*Exercise prompt*
Please repeat exactly the lines from the one containing "Name this moth's species." to the end of the entries below, both included, and omit all pictures.

Stored items from a collection:

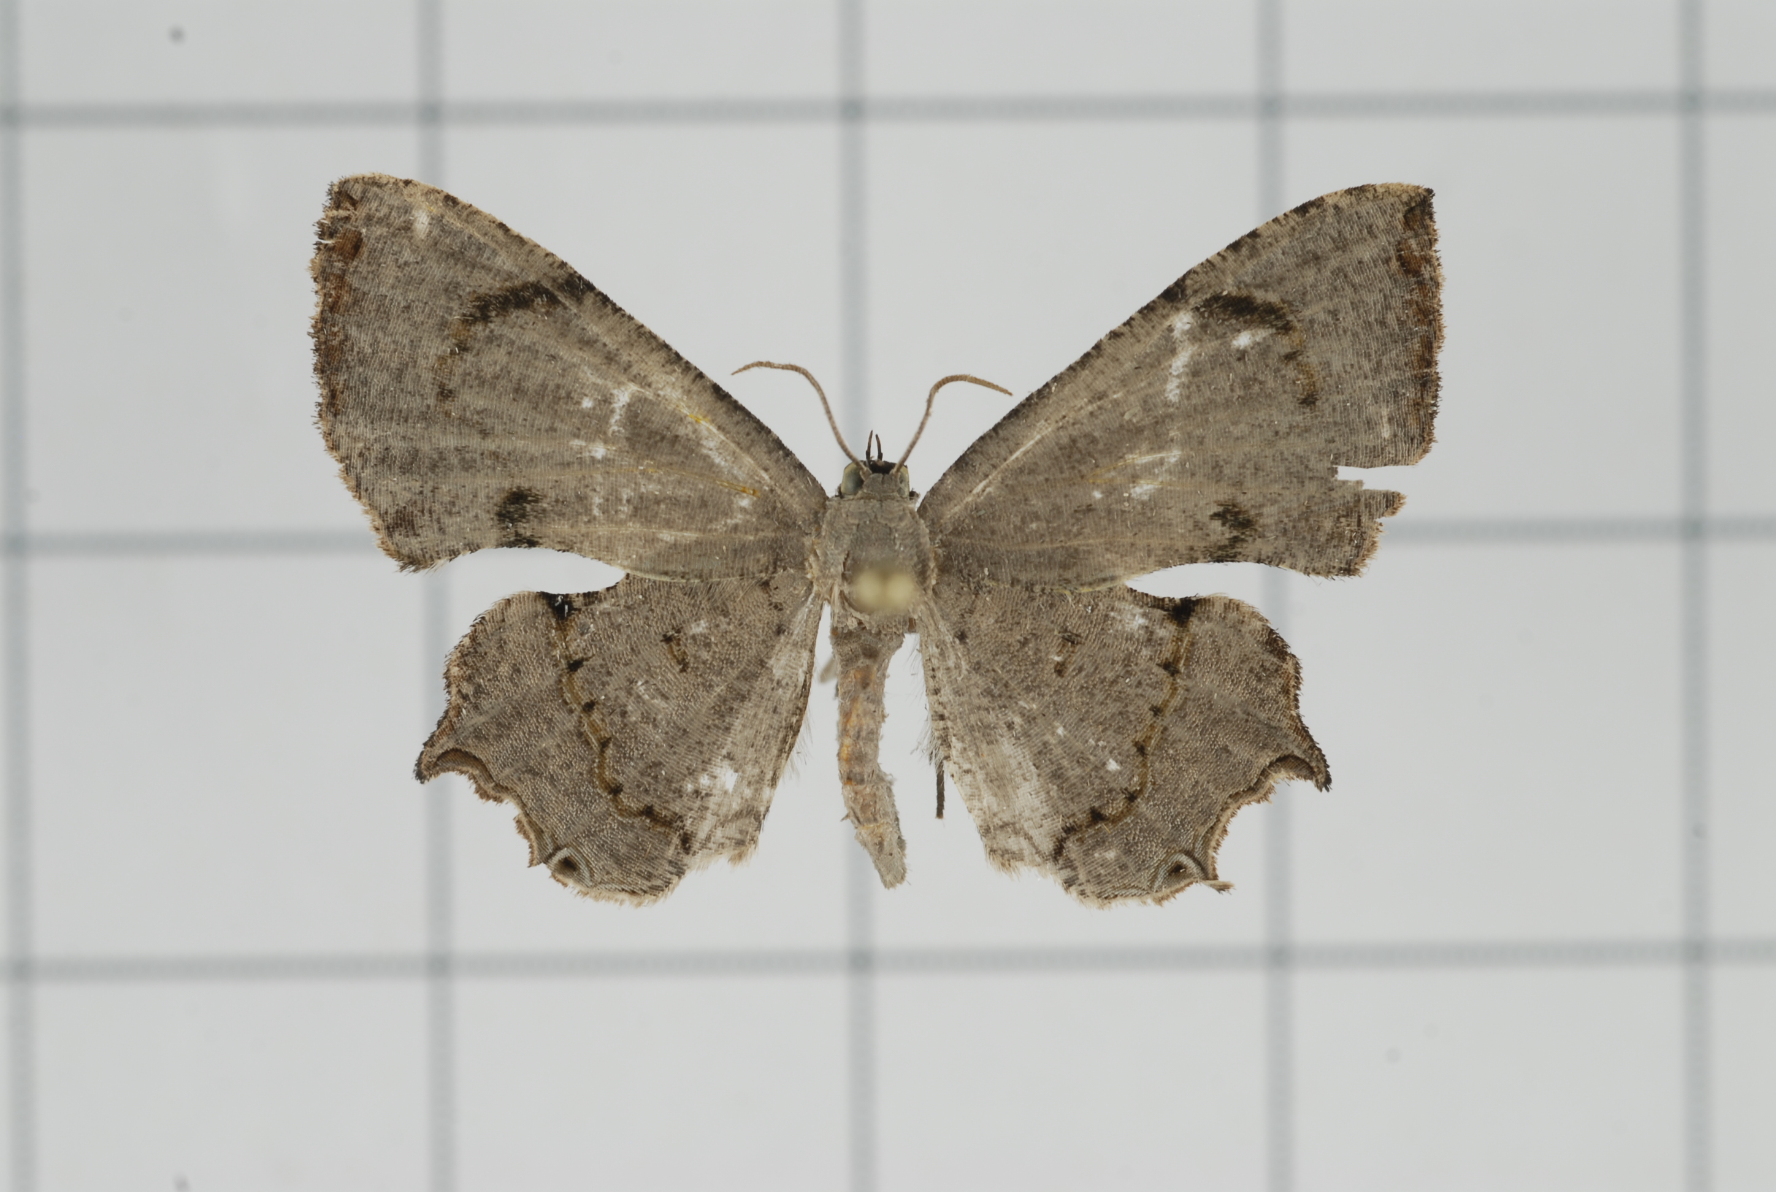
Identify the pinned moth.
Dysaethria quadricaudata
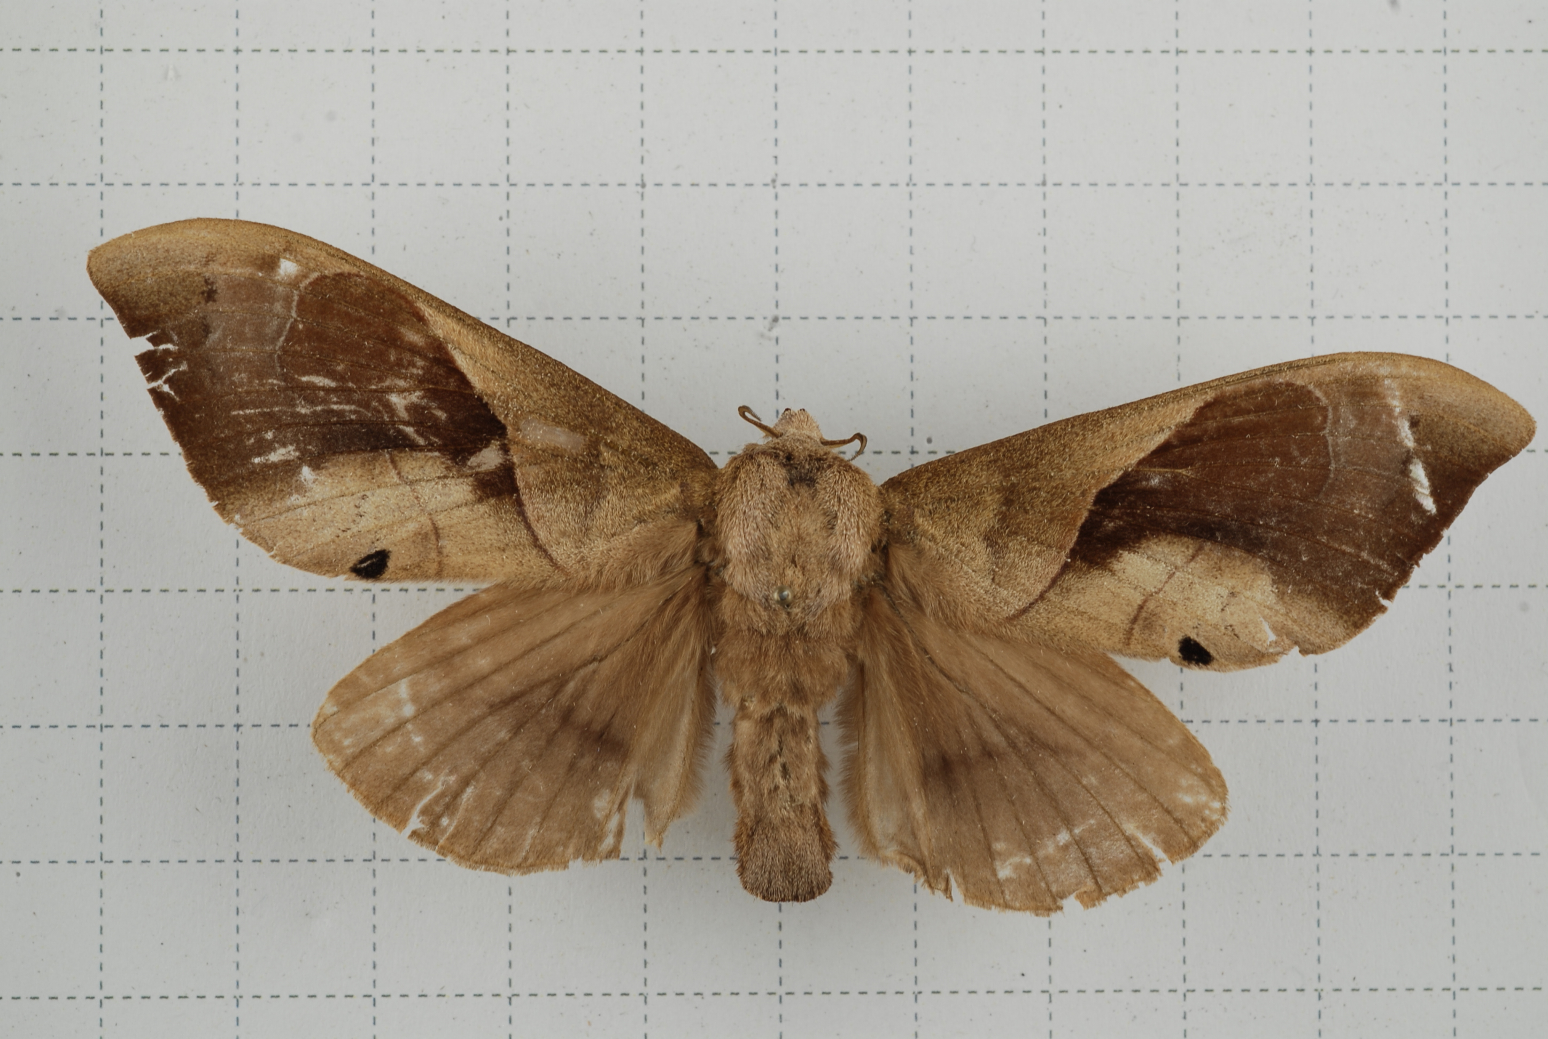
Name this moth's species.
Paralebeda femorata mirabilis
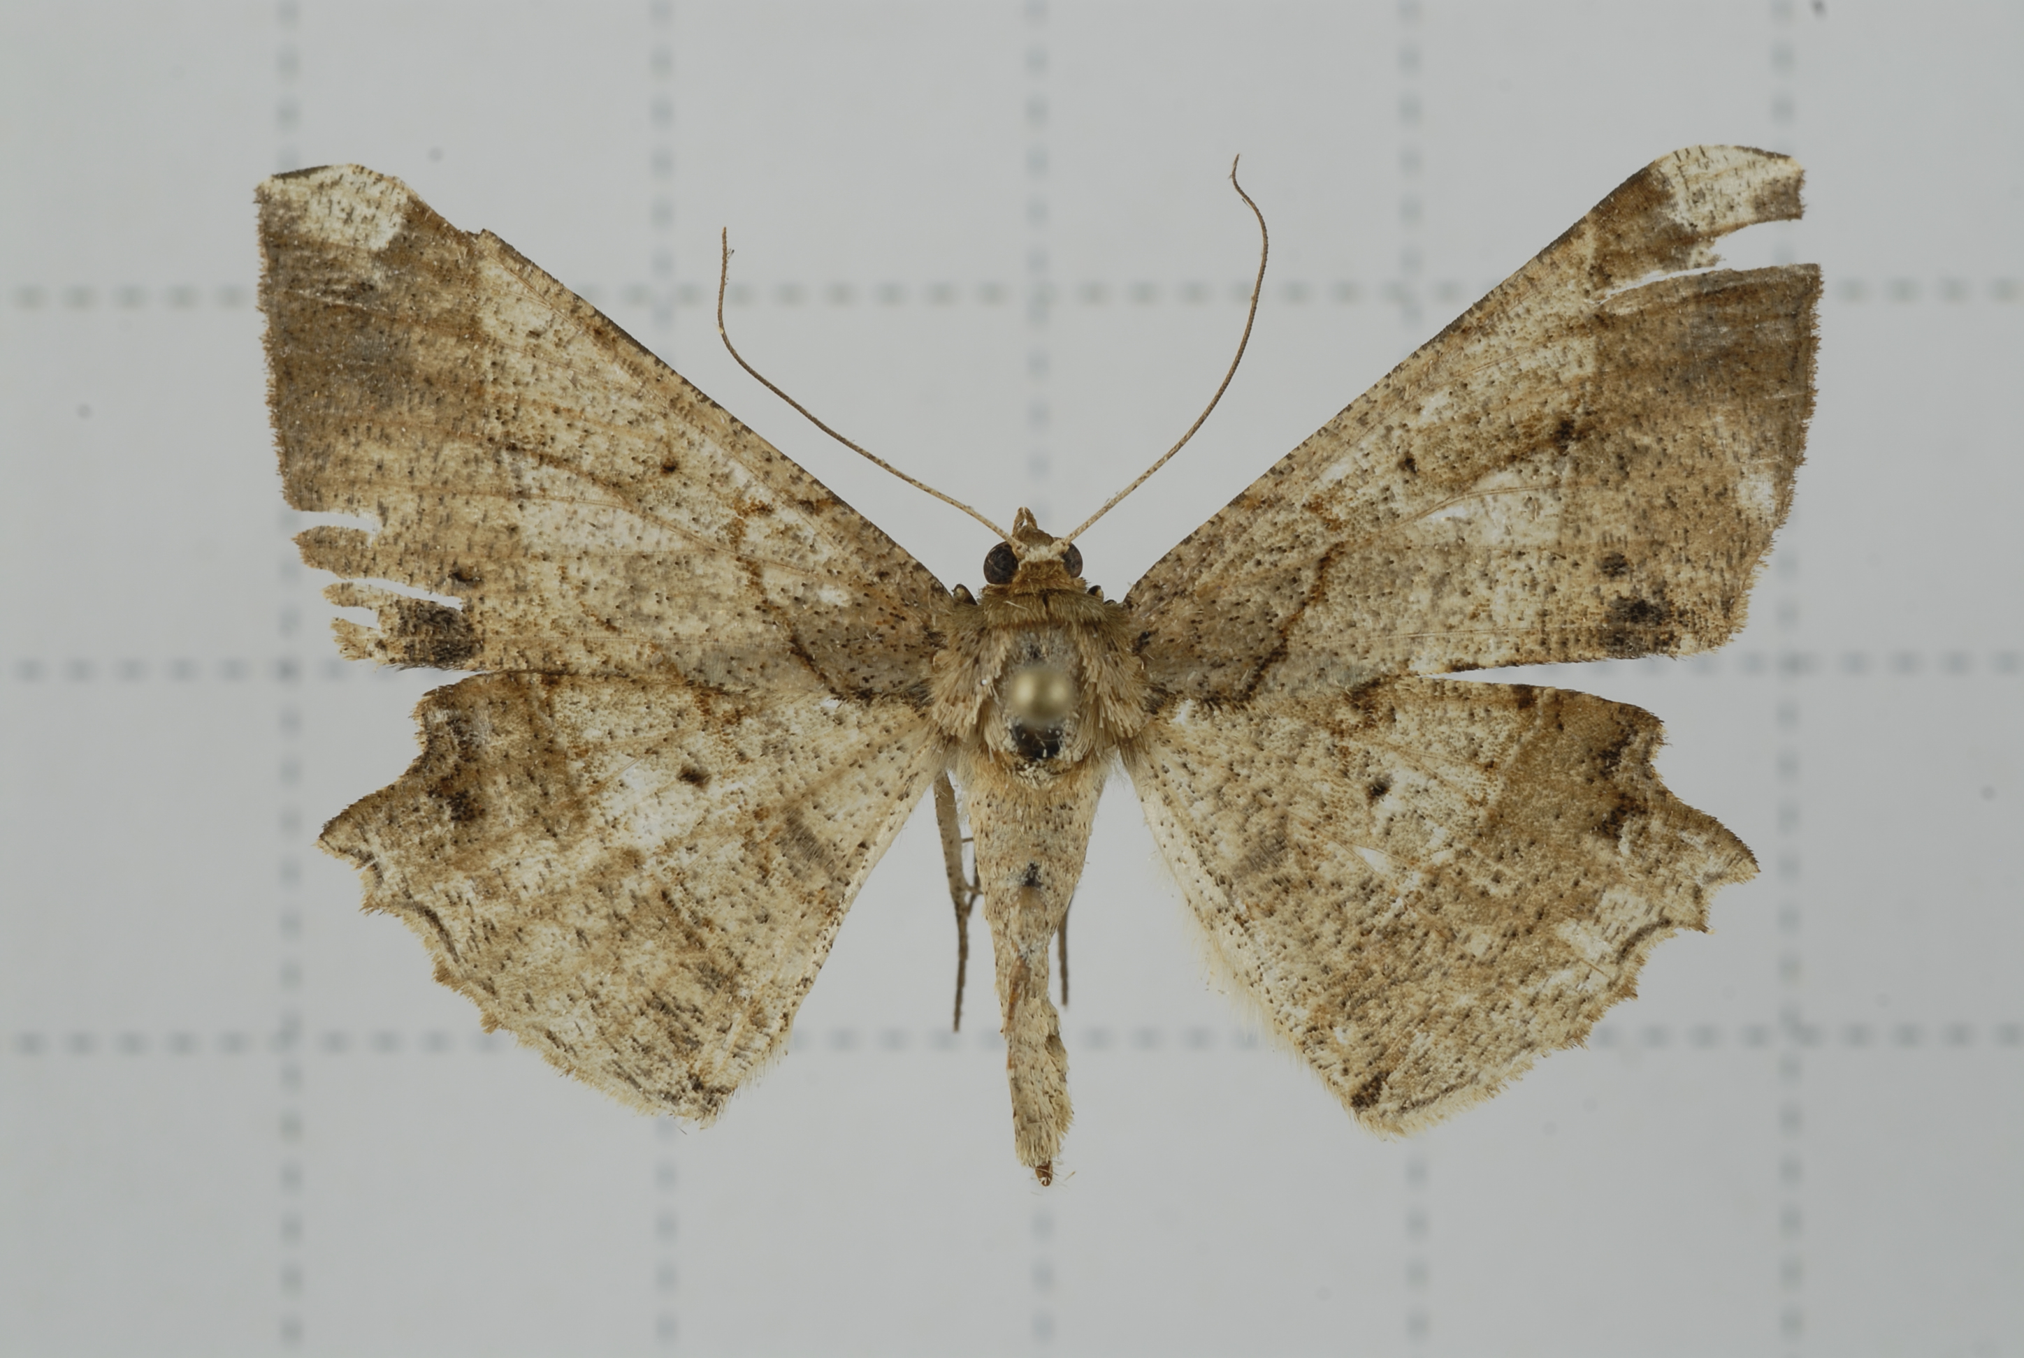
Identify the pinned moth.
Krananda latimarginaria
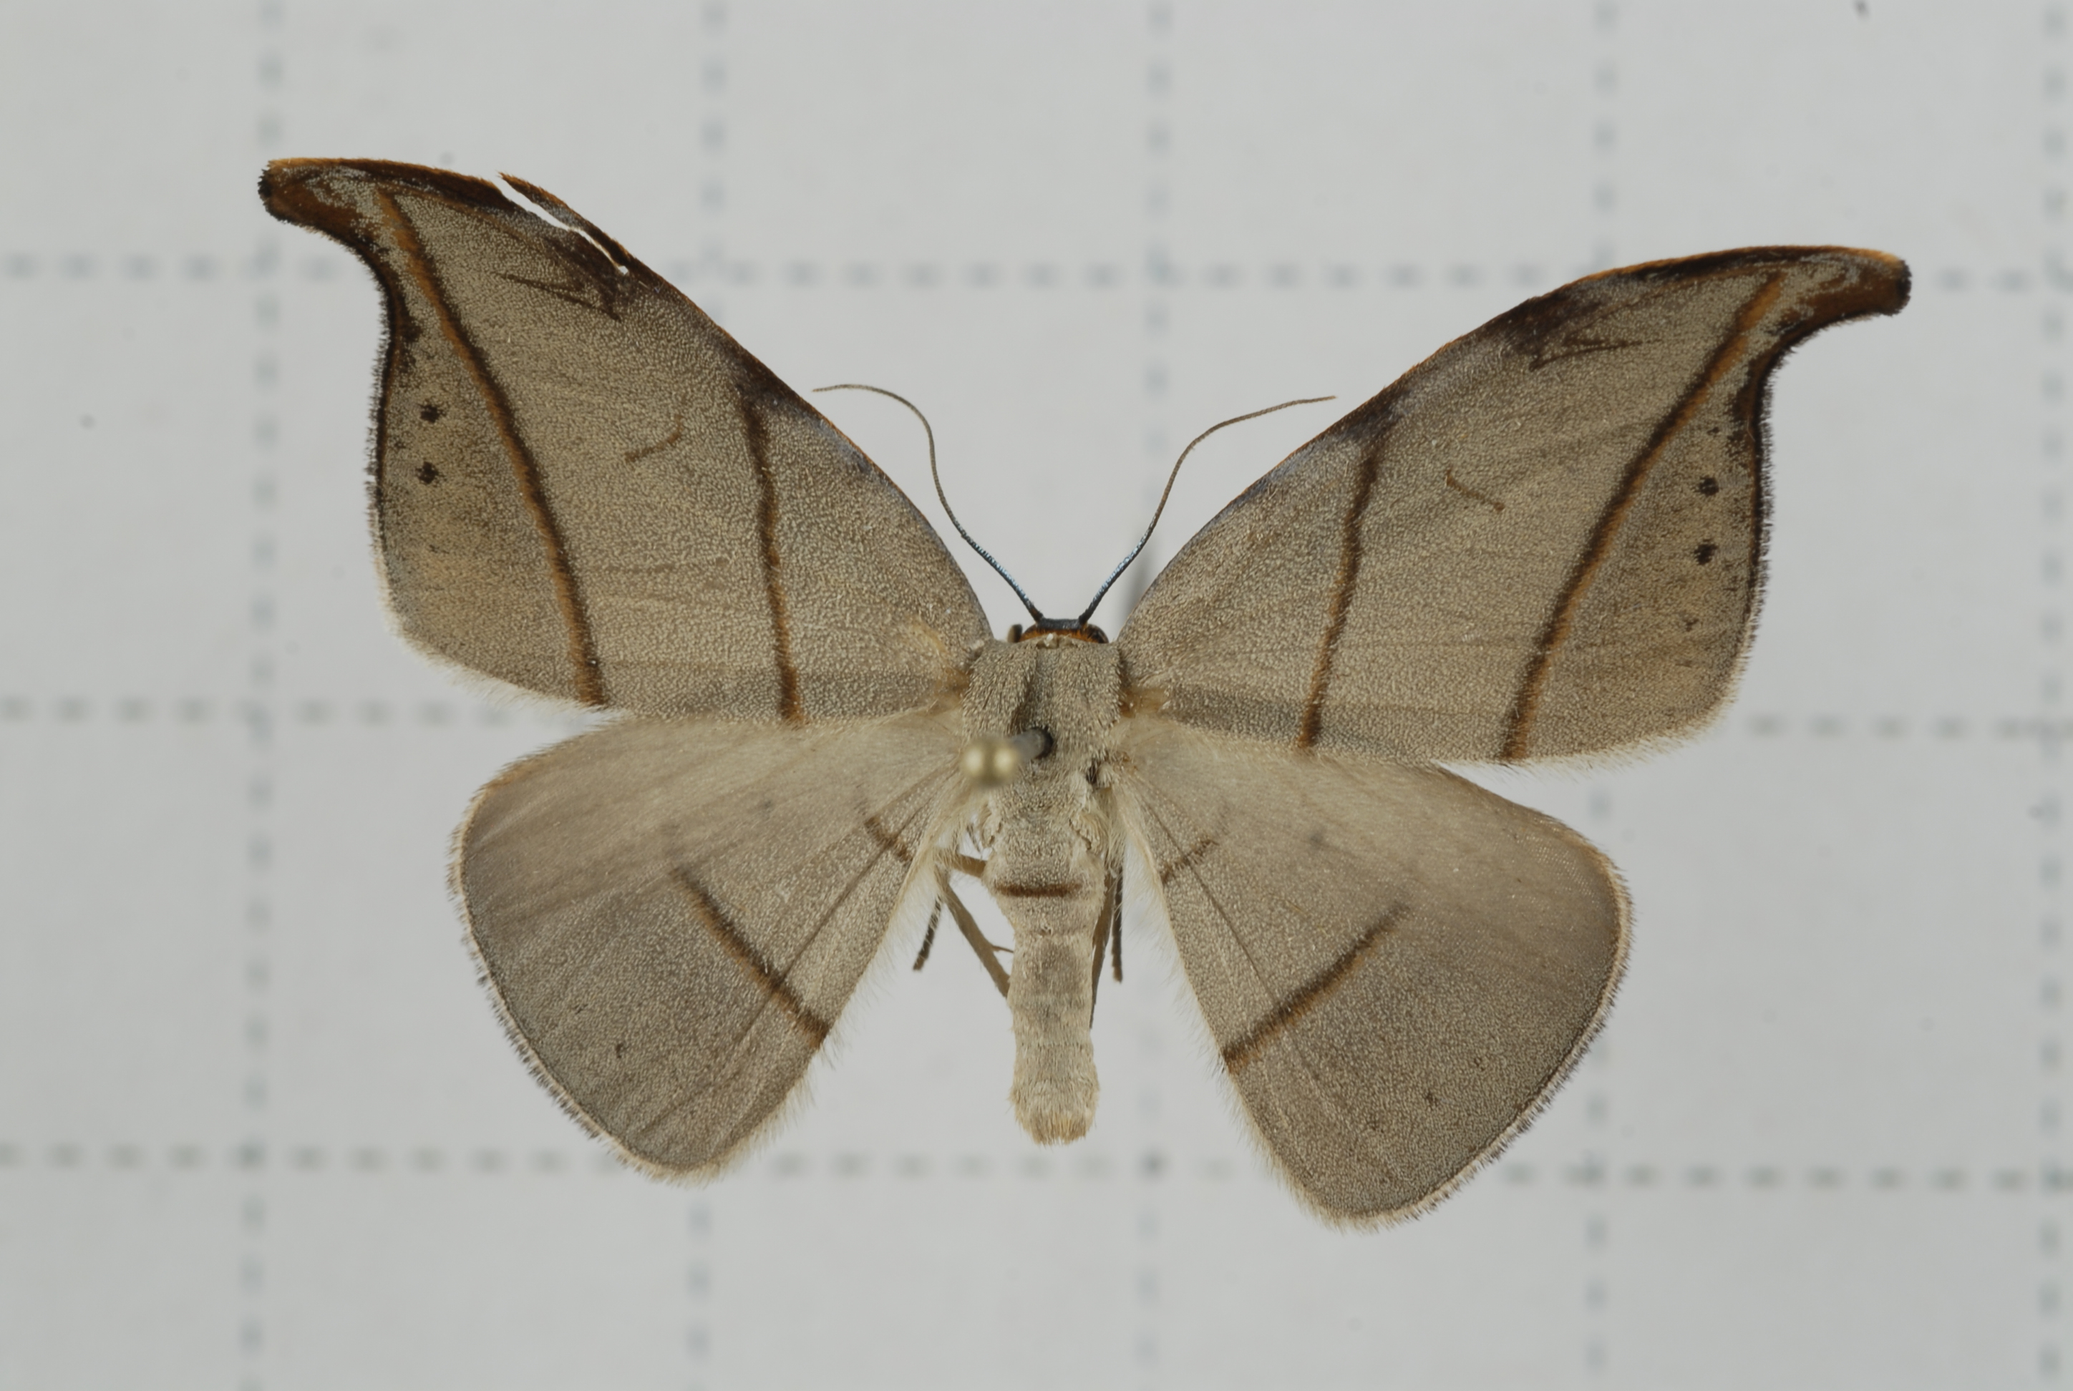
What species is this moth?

*Response to this task*
Name this moth's species.
Paralebeda femorata mirabilis
Identify the pinned moth.
Krananda latimarginaria
What species is this moth?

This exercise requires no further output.